A year later, Chelsea seemed destined for relegation: with four games remaining, they were six points behind, at the bottom of the table, and without a win in fourteen matches. After unexpectedly winning the first three, Chelsea went into their final match needing to beat Bolton Wanderers and hoping for the right result between fellow relegation candidates Everton and Sheffield Wednesday. Chelsea won 4–0 and Wednesday beat Everton 6–0, thus ensuring Chelsea's survival on goal average by 0.044 of a goal. In 1952, Chelsea again faced Arsenal in the FA Cup semi-finals and after a 1–1 tie in the first match, lost the replay 3–0. Birrell resigned shortly afterwards.
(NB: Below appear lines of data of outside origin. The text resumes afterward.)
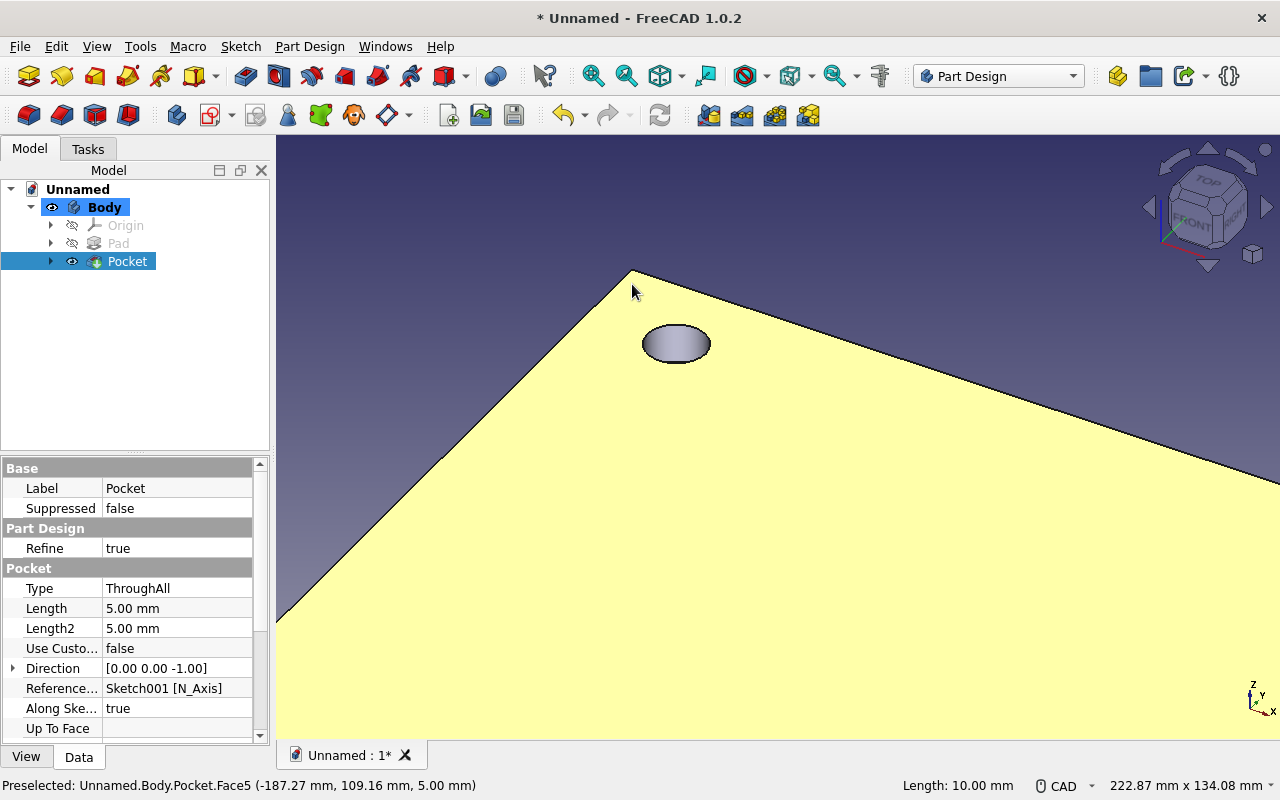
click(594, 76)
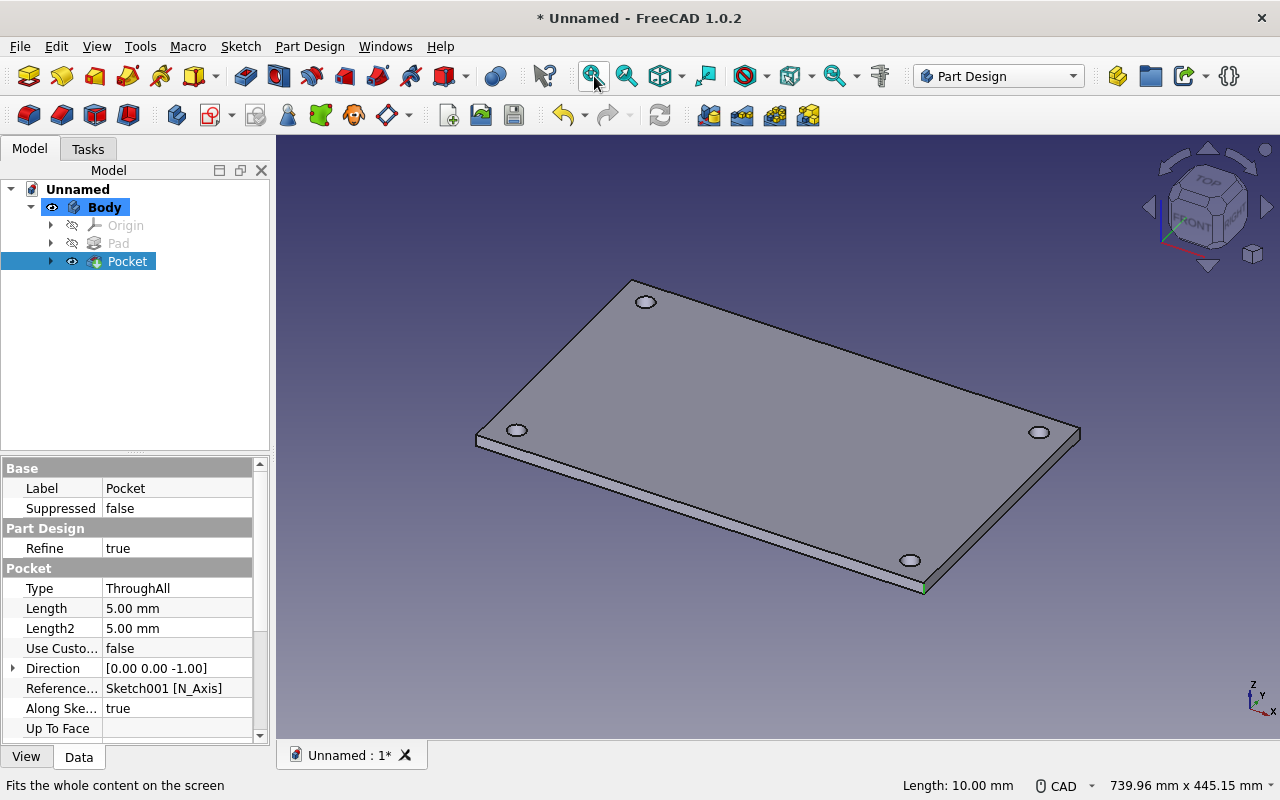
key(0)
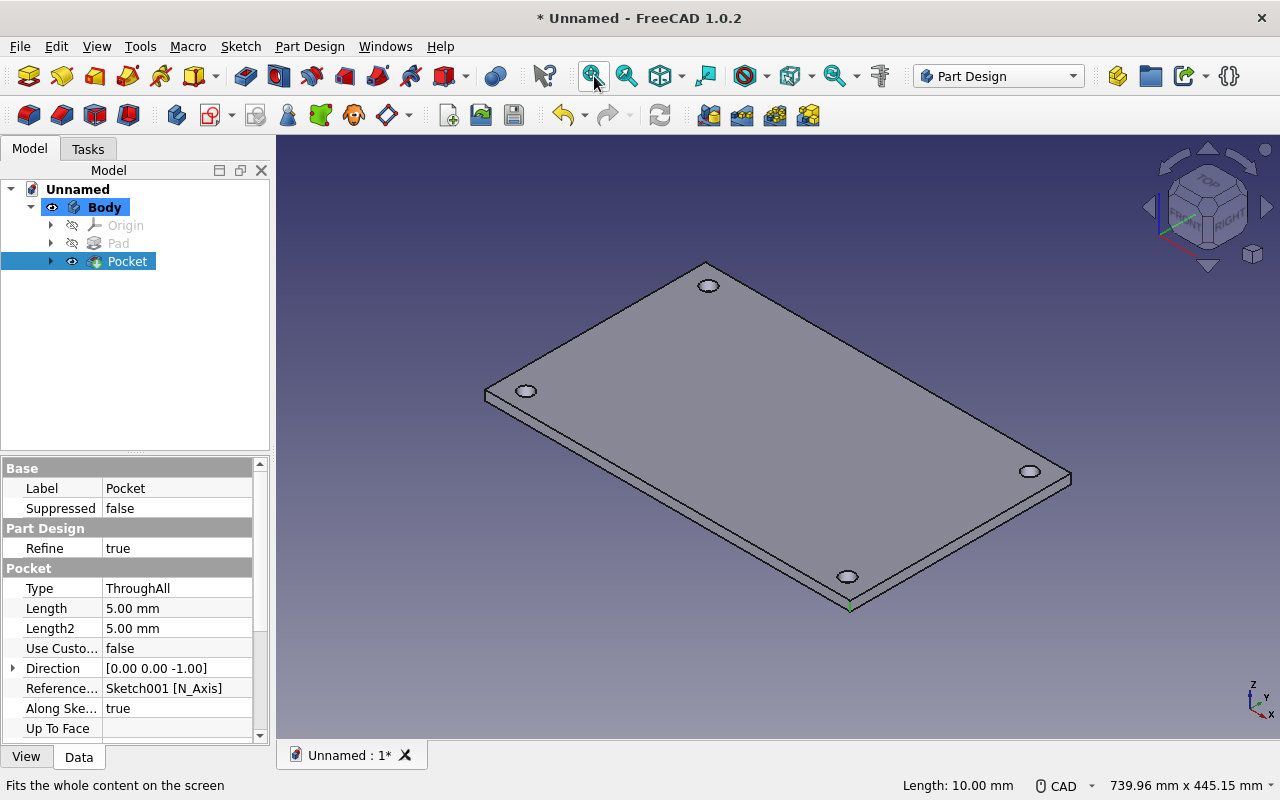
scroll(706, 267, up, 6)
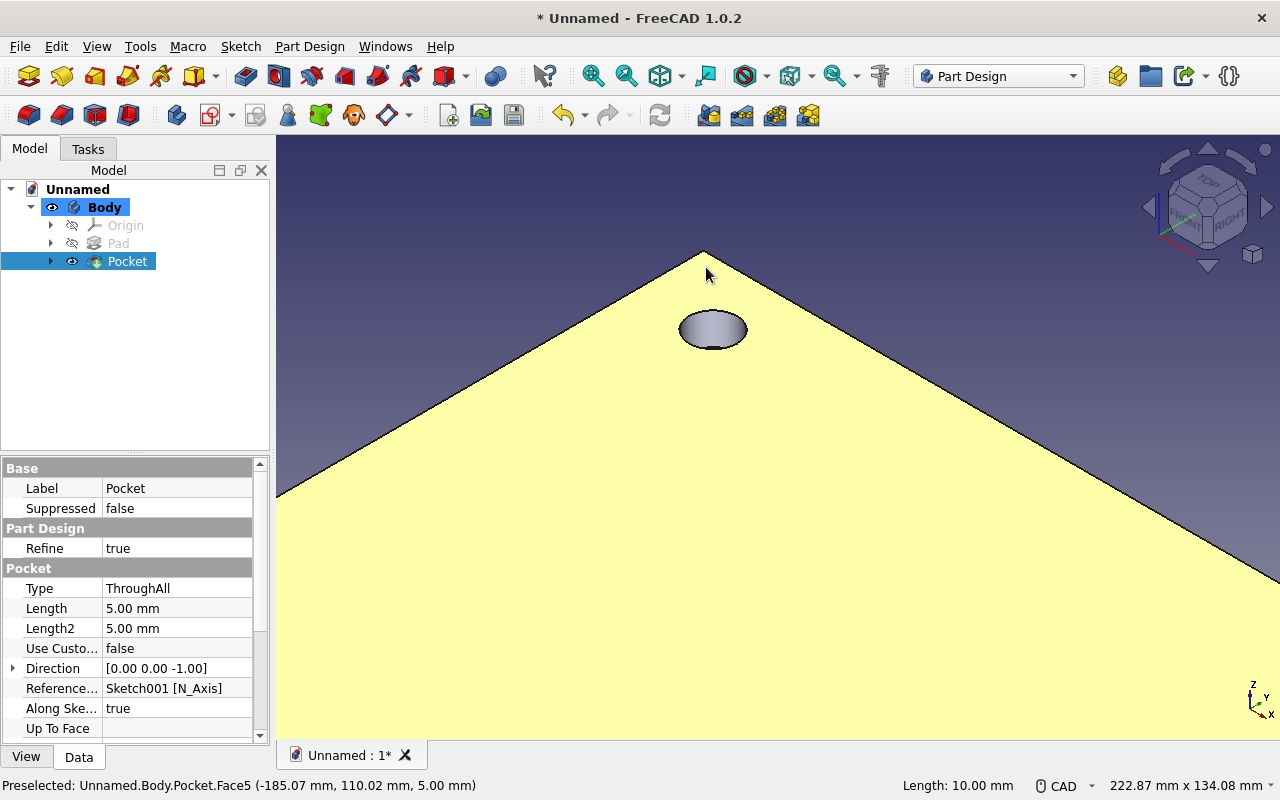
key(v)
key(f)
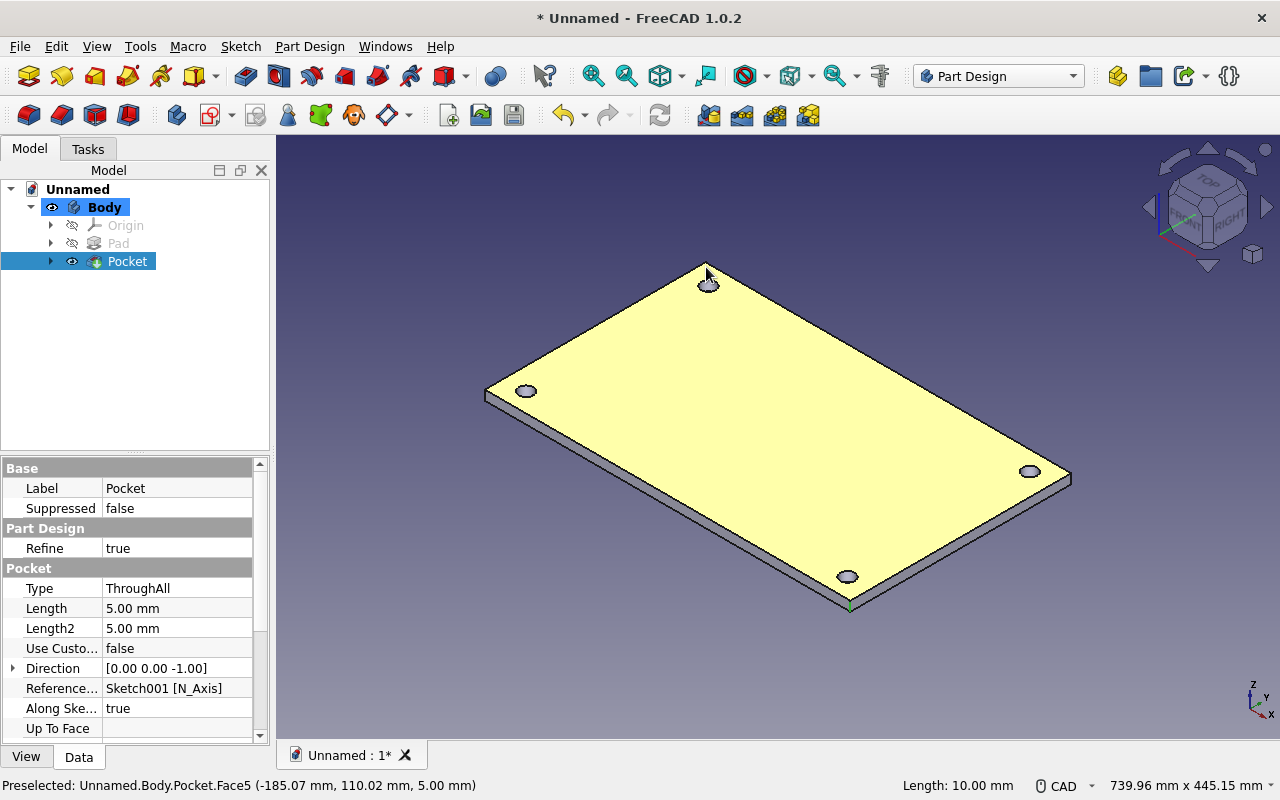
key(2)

Birrell's biggest contribution to Chelsea was off the field. In a bid to counter the spiraling cost of transfer fees in football, he oversaw the development of an extensive new youth and scouting programme, headed by ex-players Dickie Foss, Dick Spence and Jimmy Thompson, which would ultimately see the club produce its own players. The policy would provide the core of Chelsea's first team for the next three decades in particular, producing such players as Jimmy Greaves, Bobby Smith, Peter Osgood, Peter Bonetti, Ray Wilkins, Ron Harris, Bobby Tambling, Alan Hudson, Terry Venables and John Hollins.